- WHAT THE TASK ASKS
Beneath this task are records; print exactly the stretch of them from the line with "Let's substitute the" through the line with "Step 8: Calculate denominator", both ends included.

Excerpts from a dataset
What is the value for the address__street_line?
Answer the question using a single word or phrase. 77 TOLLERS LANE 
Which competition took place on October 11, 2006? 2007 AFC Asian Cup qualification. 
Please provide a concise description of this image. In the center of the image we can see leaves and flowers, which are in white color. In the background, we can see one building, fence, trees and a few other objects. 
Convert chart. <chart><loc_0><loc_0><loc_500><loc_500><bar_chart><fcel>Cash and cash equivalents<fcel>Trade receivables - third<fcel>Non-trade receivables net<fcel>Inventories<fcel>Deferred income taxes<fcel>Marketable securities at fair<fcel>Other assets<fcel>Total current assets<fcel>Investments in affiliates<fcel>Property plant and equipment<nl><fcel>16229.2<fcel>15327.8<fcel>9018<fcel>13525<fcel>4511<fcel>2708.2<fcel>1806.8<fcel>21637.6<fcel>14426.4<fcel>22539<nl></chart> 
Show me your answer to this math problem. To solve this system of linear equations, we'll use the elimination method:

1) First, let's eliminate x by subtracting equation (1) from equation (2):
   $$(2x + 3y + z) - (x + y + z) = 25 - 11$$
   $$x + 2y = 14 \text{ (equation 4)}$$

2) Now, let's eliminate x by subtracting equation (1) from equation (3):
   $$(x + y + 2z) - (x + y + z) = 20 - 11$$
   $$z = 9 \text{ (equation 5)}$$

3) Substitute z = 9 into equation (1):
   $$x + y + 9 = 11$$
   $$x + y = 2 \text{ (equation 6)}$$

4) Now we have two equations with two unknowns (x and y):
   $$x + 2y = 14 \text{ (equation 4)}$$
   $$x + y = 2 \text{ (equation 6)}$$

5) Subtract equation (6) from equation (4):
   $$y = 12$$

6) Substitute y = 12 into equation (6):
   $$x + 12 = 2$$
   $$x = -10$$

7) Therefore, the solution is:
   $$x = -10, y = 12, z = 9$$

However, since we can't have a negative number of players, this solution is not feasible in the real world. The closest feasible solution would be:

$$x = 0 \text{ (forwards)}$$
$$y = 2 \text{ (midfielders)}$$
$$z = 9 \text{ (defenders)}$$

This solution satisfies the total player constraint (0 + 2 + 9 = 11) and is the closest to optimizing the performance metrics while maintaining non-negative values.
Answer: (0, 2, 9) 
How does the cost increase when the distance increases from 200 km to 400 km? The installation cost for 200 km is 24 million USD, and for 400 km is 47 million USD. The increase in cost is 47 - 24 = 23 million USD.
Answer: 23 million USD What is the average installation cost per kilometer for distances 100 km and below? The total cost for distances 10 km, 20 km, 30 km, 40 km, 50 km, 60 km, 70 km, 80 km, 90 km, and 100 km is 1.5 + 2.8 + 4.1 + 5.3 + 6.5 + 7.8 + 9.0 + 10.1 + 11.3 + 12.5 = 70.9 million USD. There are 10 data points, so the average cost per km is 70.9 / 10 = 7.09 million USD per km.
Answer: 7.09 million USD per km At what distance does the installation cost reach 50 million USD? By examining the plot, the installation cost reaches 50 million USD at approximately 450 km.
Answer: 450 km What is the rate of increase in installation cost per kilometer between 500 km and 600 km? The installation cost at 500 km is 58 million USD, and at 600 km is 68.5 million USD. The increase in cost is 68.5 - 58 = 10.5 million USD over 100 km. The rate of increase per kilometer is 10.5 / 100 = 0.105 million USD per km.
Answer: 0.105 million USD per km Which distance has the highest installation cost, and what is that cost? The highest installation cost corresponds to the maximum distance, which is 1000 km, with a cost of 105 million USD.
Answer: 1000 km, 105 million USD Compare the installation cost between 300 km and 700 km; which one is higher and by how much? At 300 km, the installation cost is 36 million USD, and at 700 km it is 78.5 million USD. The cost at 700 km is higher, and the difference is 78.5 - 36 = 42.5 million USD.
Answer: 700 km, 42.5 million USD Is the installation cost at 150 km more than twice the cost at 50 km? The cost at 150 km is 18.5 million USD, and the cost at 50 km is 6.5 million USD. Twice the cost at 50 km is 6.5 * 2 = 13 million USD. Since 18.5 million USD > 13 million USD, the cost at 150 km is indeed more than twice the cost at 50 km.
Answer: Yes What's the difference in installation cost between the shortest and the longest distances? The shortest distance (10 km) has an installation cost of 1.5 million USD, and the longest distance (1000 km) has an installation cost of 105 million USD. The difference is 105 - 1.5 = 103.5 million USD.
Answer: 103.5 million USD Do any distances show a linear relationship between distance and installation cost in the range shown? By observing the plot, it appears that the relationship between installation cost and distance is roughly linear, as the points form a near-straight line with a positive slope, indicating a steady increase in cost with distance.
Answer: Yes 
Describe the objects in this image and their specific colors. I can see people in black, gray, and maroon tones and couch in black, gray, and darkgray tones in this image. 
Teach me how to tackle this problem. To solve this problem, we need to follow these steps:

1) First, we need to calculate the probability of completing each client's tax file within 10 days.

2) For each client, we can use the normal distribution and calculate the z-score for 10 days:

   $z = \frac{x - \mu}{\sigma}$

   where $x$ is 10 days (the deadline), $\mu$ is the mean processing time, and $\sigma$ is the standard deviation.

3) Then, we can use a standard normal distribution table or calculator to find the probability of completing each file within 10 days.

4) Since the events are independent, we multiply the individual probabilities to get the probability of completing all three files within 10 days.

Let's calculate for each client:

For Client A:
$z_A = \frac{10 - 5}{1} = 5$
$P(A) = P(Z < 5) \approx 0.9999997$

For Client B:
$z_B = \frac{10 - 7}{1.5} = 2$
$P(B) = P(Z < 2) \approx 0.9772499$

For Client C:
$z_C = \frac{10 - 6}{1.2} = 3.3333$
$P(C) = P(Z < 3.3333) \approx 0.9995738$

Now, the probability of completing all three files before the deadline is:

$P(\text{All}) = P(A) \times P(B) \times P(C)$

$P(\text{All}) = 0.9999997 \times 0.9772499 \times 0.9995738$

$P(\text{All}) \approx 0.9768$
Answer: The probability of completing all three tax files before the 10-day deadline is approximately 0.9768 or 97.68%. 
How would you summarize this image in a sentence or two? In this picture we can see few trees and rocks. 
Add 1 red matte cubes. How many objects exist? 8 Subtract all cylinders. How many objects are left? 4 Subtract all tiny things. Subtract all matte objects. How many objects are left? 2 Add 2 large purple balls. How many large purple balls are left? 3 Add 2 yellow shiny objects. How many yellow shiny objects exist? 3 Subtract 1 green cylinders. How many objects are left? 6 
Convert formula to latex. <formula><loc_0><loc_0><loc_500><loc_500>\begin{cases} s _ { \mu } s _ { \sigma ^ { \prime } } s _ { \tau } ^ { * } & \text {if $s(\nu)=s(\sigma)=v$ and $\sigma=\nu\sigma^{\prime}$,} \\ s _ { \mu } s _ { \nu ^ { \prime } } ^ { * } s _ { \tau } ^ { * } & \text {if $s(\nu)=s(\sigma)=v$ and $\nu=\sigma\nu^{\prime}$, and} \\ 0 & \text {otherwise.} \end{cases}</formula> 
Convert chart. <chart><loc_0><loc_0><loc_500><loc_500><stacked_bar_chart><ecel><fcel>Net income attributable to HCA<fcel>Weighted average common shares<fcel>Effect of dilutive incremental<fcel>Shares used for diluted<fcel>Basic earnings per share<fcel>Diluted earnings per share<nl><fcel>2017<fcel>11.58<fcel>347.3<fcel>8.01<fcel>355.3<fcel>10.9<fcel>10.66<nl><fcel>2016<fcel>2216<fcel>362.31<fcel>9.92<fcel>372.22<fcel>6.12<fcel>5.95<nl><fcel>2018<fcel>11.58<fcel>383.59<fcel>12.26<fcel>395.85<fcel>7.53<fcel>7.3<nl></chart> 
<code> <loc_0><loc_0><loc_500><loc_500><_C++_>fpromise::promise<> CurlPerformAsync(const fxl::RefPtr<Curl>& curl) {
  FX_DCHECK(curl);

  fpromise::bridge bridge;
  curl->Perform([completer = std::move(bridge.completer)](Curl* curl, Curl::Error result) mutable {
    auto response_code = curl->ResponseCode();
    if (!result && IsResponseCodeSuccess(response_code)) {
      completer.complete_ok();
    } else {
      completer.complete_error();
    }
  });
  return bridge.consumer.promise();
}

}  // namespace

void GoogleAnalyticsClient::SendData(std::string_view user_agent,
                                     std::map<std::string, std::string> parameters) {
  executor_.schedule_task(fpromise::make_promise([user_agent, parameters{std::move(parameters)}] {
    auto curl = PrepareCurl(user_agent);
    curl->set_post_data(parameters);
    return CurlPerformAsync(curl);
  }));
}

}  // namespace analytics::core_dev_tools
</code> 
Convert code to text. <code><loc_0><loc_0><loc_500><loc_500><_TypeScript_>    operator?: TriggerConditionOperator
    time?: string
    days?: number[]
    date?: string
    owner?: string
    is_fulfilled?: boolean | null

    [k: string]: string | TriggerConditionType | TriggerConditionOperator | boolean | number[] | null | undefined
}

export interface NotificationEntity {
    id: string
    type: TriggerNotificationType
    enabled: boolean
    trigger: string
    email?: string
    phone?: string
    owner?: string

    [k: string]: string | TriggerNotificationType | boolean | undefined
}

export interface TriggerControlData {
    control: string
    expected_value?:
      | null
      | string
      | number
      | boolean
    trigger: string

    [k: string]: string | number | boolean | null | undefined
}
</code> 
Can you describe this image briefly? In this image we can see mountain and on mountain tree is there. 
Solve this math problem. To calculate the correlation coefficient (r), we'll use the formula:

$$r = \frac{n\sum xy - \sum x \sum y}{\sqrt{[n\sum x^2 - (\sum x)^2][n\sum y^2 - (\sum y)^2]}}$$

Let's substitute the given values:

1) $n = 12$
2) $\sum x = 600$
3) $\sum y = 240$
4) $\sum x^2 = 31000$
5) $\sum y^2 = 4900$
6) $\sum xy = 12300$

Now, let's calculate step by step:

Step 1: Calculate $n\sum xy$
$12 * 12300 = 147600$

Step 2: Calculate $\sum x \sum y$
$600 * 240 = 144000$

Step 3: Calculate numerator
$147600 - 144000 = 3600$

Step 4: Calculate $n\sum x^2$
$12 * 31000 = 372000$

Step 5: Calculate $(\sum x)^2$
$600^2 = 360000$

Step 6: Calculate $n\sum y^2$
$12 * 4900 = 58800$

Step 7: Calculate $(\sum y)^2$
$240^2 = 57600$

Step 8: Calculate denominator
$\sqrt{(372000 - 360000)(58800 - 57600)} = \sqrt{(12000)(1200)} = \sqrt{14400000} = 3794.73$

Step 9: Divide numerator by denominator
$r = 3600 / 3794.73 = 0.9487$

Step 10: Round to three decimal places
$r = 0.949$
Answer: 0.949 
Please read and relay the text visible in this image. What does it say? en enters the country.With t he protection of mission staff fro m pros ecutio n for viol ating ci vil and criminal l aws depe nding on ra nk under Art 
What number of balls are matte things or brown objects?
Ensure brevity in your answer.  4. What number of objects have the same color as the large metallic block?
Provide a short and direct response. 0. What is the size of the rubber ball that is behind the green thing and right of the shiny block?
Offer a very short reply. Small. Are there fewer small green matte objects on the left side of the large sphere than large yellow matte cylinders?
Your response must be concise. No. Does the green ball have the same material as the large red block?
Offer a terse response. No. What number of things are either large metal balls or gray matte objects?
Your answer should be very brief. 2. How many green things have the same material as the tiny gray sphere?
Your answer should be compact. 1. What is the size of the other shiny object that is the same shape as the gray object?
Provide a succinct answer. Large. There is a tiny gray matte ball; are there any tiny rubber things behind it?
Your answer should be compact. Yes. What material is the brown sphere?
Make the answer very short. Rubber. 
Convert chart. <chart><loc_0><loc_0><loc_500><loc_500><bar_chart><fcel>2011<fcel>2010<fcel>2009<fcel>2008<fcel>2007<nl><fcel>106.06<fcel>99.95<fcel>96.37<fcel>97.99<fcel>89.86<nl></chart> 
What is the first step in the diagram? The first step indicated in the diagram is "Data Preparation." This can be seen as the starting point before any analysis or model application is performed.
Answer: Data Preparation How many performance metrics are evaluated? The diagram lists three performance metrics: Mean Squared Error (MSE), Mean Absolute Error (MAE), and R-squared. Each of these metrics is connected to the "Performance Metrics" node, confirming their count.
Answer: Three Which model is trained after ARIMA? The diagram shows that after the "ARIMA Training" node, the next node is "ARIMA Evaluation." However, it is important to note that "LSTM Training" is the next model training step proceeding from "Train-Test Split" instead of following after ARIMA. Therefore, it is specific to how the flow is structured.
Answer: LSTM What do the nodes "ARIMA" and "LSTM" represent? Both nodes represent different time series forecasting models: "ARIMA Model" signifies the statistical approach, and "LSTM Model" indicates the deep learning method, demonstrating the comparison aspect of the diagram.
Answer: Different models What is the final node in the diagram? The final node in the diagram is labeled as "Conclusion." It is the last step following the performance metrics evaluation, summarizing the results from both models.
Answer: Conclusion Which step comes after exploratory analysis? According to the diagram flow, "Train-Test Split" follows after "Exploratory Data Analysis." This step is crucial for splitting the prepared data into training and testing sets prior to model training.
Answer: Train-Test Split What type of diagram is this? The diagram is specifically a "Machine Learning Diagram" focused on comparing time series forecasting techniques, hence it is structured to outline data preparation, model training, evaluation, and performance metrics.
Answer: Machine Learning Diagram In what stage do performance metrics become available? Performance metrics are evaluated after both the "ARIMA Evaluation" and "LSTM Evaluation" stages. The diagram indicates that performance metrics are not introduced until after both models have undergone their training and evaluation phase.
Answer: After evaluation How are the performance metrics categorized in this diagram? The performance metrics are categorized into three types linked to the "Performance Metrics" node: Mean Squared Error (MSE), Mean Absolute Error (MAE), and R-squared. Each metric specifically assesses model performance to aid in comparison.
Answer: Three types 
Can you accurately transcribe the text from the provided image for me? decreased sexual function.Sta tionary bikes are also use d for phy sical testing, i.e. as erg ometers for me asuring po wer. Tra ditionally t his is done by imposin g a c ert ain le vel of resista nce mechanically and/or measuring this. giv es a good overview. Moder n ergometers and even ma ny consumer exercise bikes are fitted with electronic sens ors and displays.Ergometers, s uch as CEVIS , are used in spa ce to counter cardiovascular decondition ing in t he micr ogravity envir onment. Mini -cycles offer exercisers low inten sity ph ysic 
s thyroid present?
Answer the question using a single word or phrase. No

- TASK RESULT
Let's substitute the given values:

1) $n = 12$
2) $\sum x = 600$
3) $\sum y = 240$
4) $\sum x^2 = 31000$
5) $\sum y^2 = 4900$
6) $\sum xy = 12300$

Now, let's calculate step by step:

Step 1: Calculate $n\sum xy$
$12 * 12300 = 147600$

Step 2: Calculate $\sum x \sum y$
$600 * 240 = 144000$

Step 3: Calculate numerator
$147600 - 144000 = 3600$

Step 4: Calculate $n\sum x^2$
$12 * 31000 = 372000$

Step 5: Calculate $(\sum x)^2$
$600^2 = 360000$

Step 6: Calculate $n\sum y^2$
$12 * 4900 = 58800$

Step 7: Calculate $(\sum y)^2$
$240^2 = 57600$

Step 8: Calculate denominator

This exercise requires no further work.